Germanovich et al. [66] suggested a power law approximation to derive a relation between the peak pressure and several important parameters in their tests for cohesionless materials. Since the materials tested in this study are weakly cemented, the power curve fit was used to relate the flow rate, porosity, and hydraulic conductivity with the peak pressures. In contrast to the random forest algorithm model, the porosity was an insignificant factor in the power–law model; therefore, it was dropped from the model. The resulting equation was P p e a k = 3.21 Q 0.696 k 0.197 U C S 0.054 , giving an R-squared value of 0.9025. The small value of the exponent in UCS suggests that there is a weak dependence on strength compared to permeability and flow rate. The estimated versus the actual peak pressure values are shown in Figure 13b.

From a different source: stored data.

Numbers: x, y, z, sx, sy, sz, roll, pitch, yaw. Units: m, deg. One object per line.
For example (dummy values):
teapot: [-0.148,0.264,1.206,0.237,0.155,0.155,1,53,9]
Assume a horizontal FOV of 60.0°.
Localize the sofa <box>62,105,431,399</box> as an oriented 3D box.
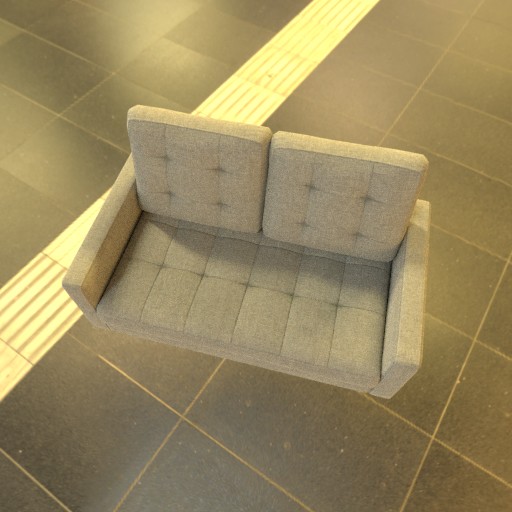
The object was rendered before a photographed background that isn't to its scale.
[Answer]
sofa: [0.000,0.000,1.944,1.407,0.907,0.842,12,59,7]
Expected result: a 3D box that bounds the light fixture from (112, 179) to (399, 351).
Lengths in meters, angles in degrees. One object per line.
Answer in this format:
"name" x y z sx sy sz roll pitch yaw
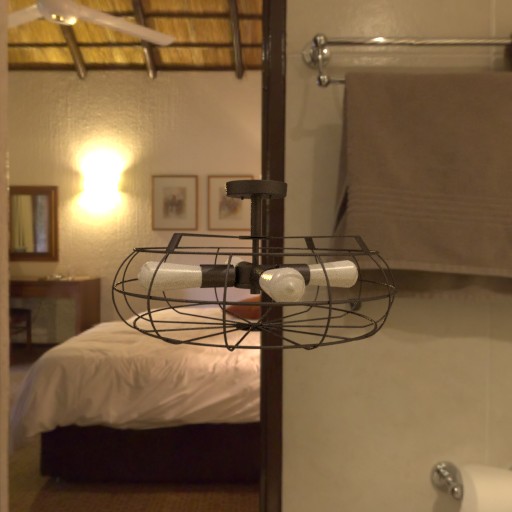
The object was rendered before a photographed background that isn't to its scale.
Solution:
"light fixture" 0.000 0.000 0.949 0.582 0.311 0.582 0 1 0
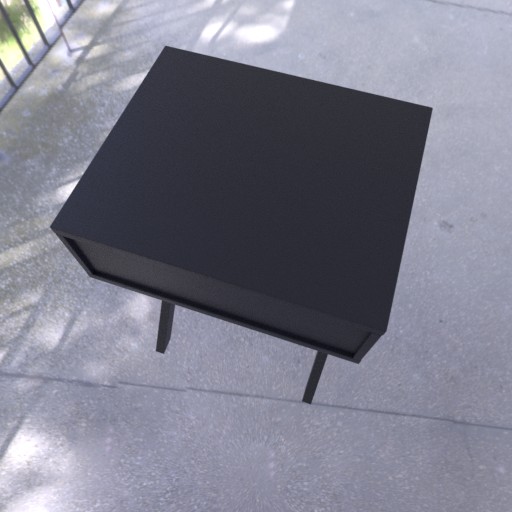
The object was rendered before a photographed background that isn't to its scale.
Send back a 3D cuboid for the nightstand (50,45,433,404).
[{"bbox_3d":[0.000,0.000,0.952,0.479,0.623,0.402,17,64,8],"label":"nightstand"}]
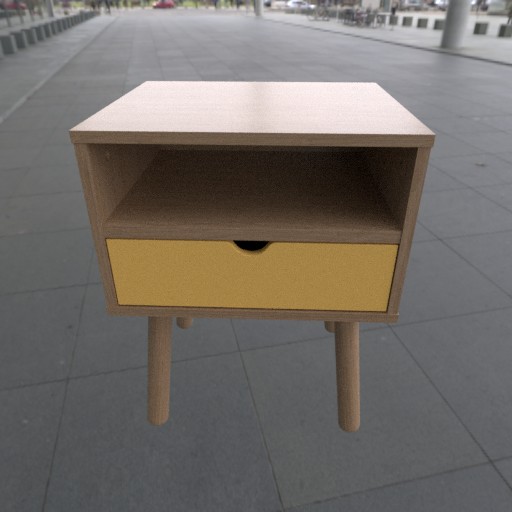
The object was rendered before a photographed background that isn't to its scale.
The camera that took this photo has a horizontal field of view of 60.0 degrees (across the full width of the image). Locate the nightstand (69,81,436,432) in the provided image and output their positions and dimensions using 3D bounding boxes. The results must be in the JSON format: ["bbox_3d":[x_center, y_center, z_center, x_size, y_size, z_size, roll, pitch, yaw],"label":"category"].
[{"bbox_3d":[0.000,0.000,0.850,0.450,0.571,0.380,1,30,2],"label":"nightstand"}]
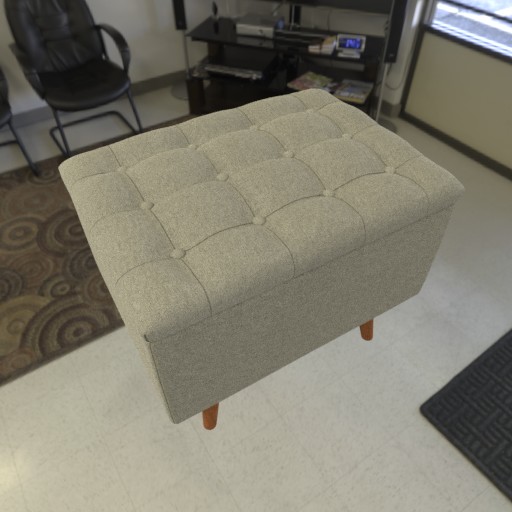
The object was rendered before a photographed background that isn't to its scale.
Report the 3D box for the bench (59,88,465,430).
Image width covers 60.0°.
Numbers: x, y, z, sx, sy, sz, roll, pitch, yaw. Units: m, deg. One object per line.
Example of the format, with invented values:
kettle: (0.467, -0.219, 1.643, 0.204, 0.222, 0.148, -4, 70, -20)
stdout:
bench: (0.000, 0.000, 0.892, 0.572, 0.469, 0.417, -23, 50, -21)
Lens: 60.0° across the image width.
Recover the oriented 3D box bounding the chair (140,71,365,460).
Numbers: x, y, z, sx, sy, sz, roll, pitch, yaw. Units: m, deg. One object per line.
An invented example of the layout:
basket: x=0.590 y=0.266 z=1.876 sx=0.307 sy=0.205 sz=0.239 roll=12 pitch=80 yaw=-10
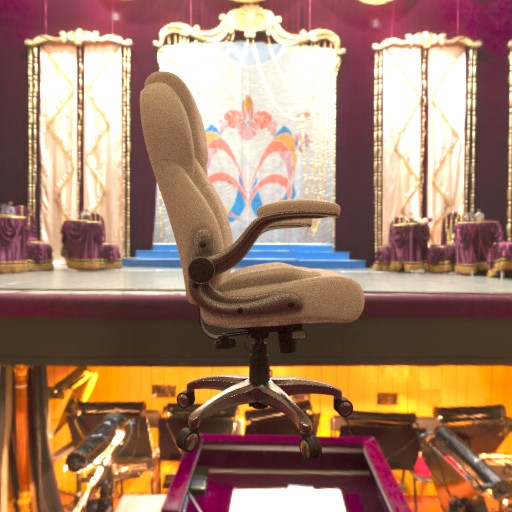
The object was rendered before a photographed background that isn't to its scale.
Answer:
chair: x=0.000 y=0.000 z=1.787 sx=0.806 sy=1.330 sz=0.755 roll=0 pitch=1 yaw=-1
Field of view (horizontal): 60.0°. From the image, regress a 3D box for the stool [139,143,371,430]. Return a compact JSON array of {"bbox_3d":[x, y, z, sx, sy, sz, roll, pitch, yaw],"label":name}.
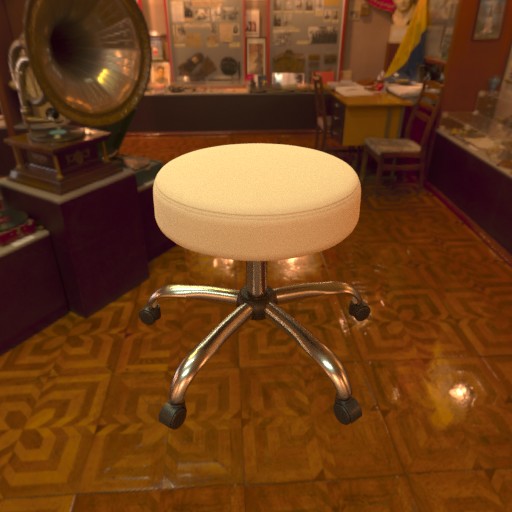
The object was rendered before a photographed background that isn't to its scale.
[{"bbox_3d":[0.000,0.000,1.051,0.634,0.482,0.614,-1,30,-1],"label":"stool"}]
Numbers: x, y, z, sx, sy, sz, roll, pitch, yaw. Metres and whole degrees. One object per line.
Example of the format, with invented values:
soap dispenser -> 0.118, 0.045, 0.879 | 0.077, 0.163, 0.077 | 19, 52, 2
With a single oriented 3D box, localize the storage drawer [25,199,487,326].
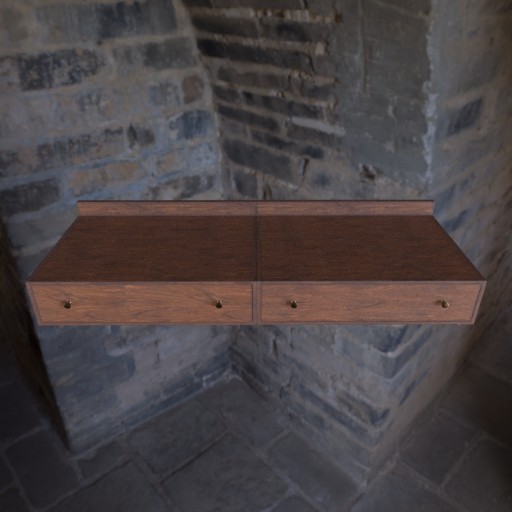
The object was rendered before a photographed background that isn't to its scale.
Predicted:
storage drawer -> 0.000, 0.000, 2.196 | 1.914, 0.339, 0.774 | 0, 30, 0
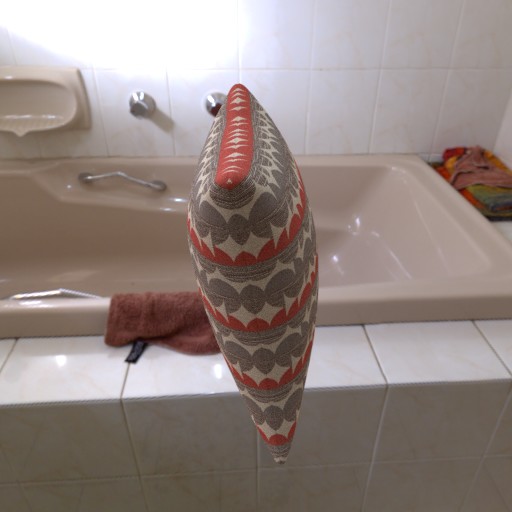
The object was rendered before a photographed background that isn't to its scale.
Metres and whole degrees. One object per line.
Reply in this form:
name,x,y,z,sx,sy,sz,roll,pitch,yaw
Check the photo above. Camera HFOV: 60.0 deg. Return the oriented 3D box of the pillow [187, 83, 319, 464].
pillow,0.000,0.000,0.657,0.180,0.410,0.420,0,32,-1
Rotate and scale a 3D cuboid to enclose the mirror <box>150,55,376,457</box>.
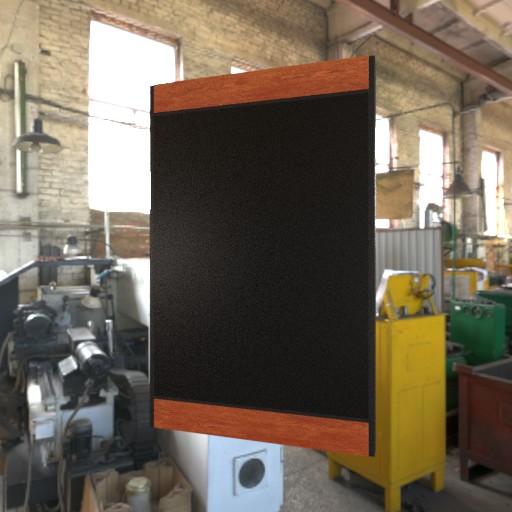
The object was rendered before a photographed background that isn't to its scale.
[{"bbox_3d":[0.000,0.000,1.008,0.525,0.823,0.047,0,0,18],"label":"mirror"}]

3.5. Comparison of the Results Obtained in Weakly Cemented Media against Cohesionless Sands

The fractures obtained in this study were crack-like or cavity-like, while the cavities obtained in the experiments with cohesionless sand were plane-like, as wide cavities were more readily developed due to the volume deformation allowance and due to the more pronounced grain displacement mechanisms evident [20]. Where disaggregation at the grain scale was evident in cemented sands, grains were displaced in clusters. These observations are a sign of the presence of mixed mode failures in contrast to the case of sand, where only shear failure was observed.
The pressure required to generate a fracture was generally higher in the case of cemented sands. However, the pressure profile shapes of the lightly cemented particles were similar to those obtained in uncemented sand. For moderately and heavily cemented sands, especially when higher flow rates were applied, the breakdown and propagation pressures deviated substantially. In the case of cohesionless sand, it was difficult to distinguish between the two pressures, as the pressure reached a plateau once an opening was created. As the material transitioned from sand to weakly cemented soil, with the addition of even a small amount of cementation, the pressure response changed significantly, demonstrating the presence of different failure modes. These findings are significant for groundwater operations as both materials are found in these depths.
The fractures obtained at higher flow rates in uncemented sand resembled the fractures in regime IV (viscous-fingering-dominated regime) obtained by Huang et al. [55] utilising the 2D Hele-Shaw cell. Despite those similarities, the setups were very different. As the authors discussed, the strength of the material and the confining stress level could change the boundaries of these regimes. This is confirmed by the experimental results obtained in this work.
The hydraulic conductivity also affected the results obtained in both experiments with sand and cemented sand. In the former case, the cavities transitioned from crack-like to plane-like as the material became more permeable [20]. When testing cemented sands, all fractures were crack-like; however, as the hydraulic conductivity increased, it became harder to induce fractures. When fractures were generated though, these were of smaller width because it was harder to move clusters of larger grains.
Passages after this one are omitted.